→ **Exercise input**:
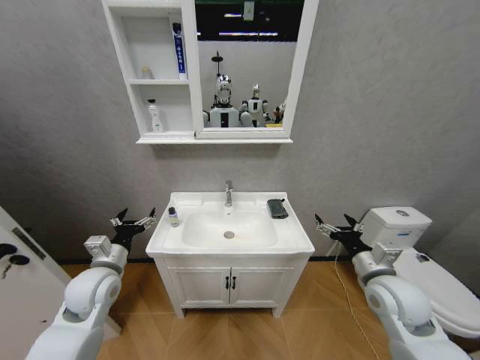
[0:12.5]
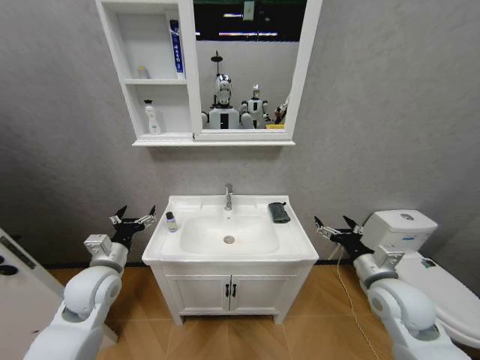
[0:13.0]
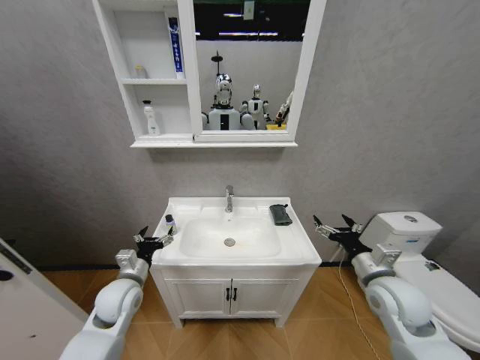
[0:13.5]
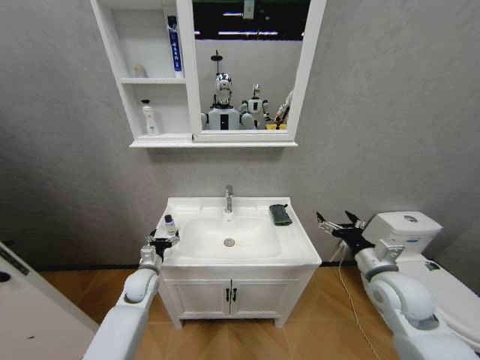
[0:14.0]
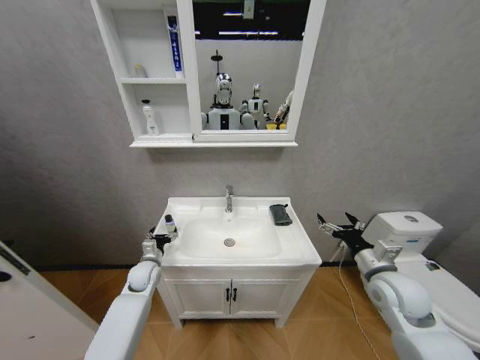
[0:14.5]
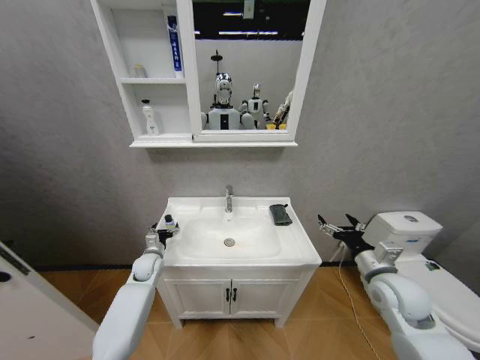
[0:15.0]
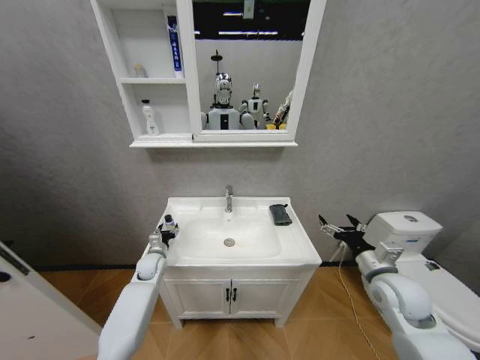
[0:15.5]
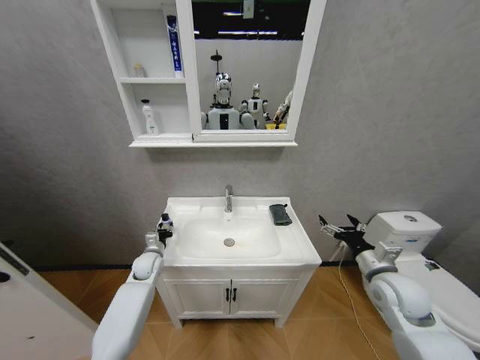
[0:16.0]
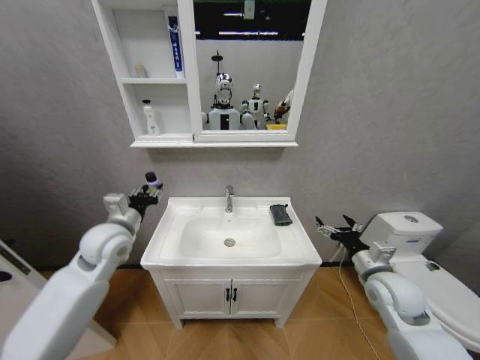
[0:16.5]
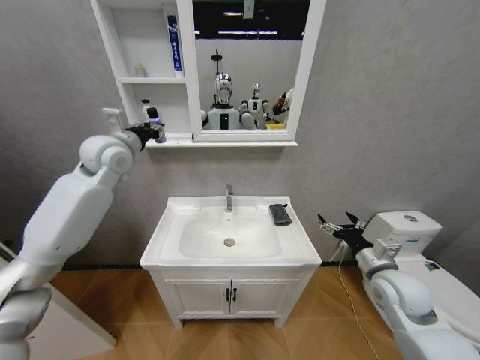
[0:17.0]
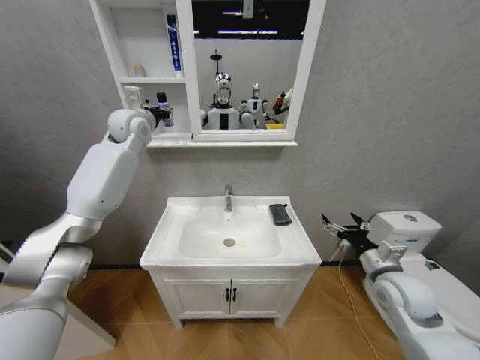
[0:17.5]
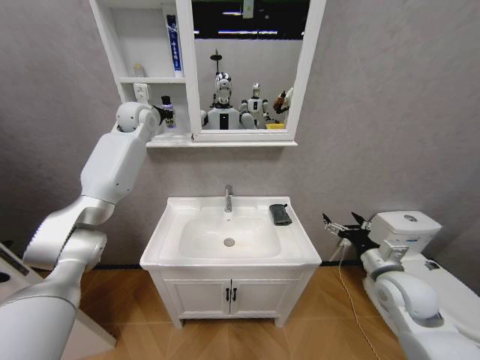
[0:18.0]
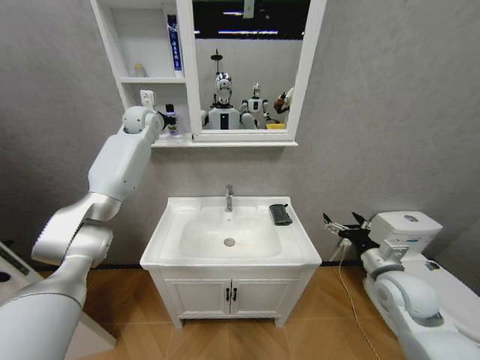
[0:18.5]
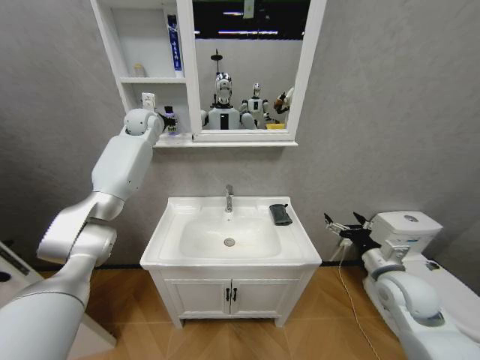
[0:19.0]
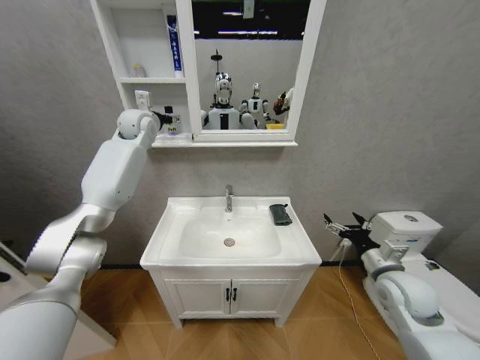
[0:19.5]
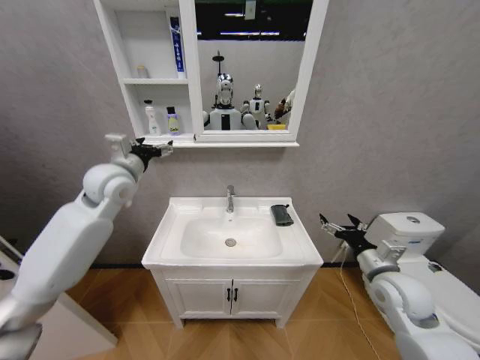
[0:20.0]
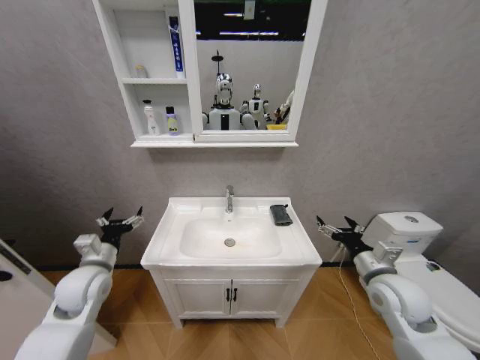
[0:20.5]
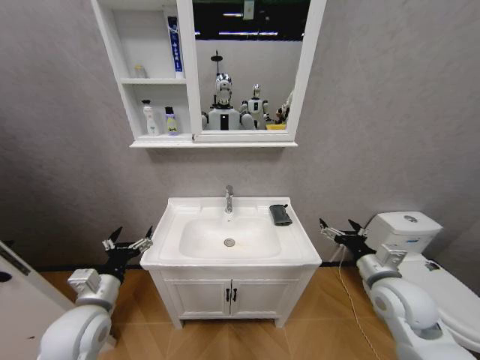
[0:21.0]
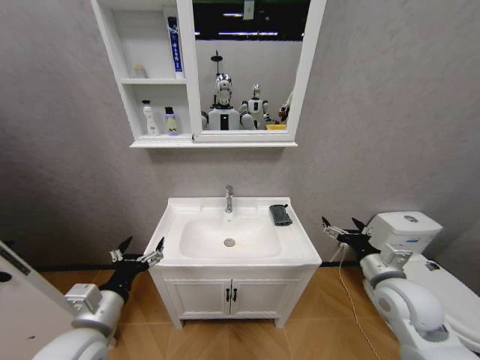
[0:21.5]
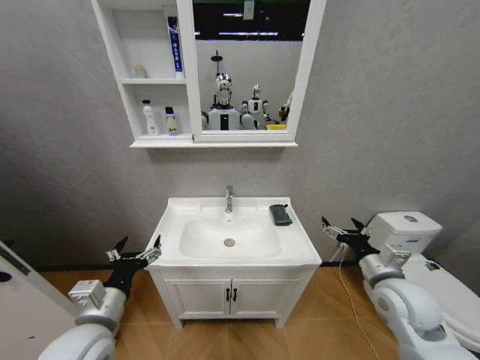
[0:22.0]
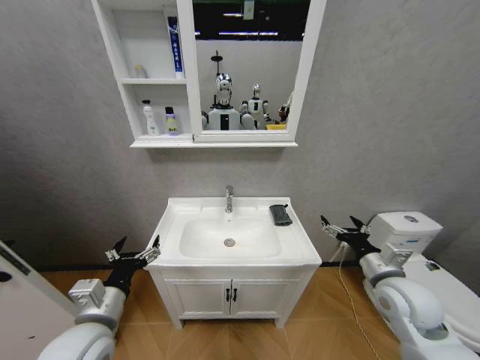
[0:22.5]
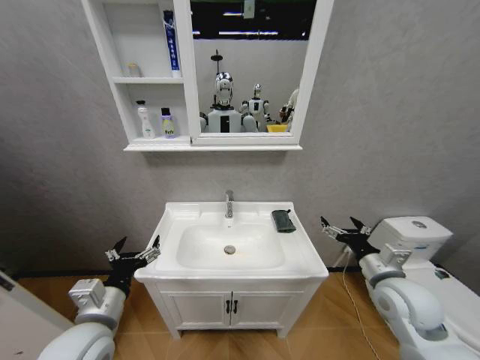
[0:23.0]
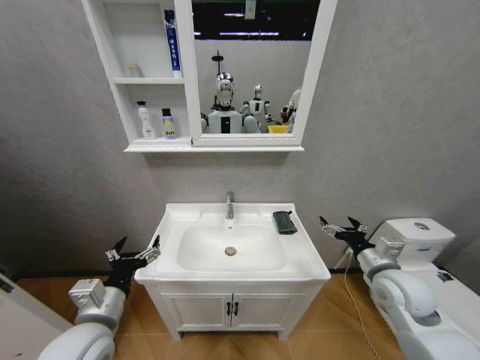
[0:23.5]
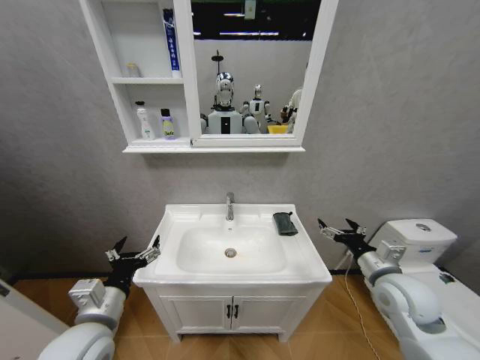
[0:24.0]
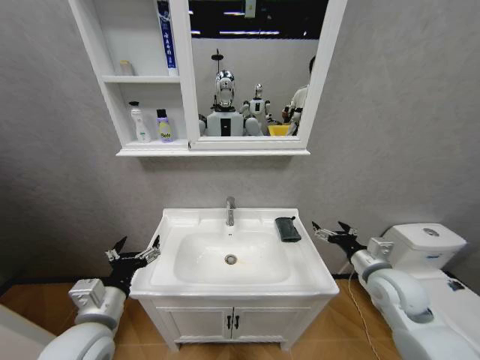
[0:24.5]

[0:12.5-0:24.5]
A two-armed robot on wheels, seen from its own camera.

→ **The problem**:
Pictures are to be left out; all else in the entries above is to be quoted exactly.

→ **Result of the task**:
[0:12.5]
[0:13.0]
[0:13.5]
[0:14.0]
[0:14.5]
[0:15.0]
[0:15.5]
[0:16.0]
[0:16.5]
[0:17.0]
[0:17.5]
[0:18.0]
[0:18.5]
[0:19.0]
[0:19.5]
[0:20.0]
[0:20.5]
[0:21.0]
[0:21.5]
[0:22.0]
[0:22.5]
[0:23.0]
[0:23.5]
[0:24.0]
[0:24.5]

[0:12.5-0:24.5]
A two-armed robot on wheels, seen from its own camera.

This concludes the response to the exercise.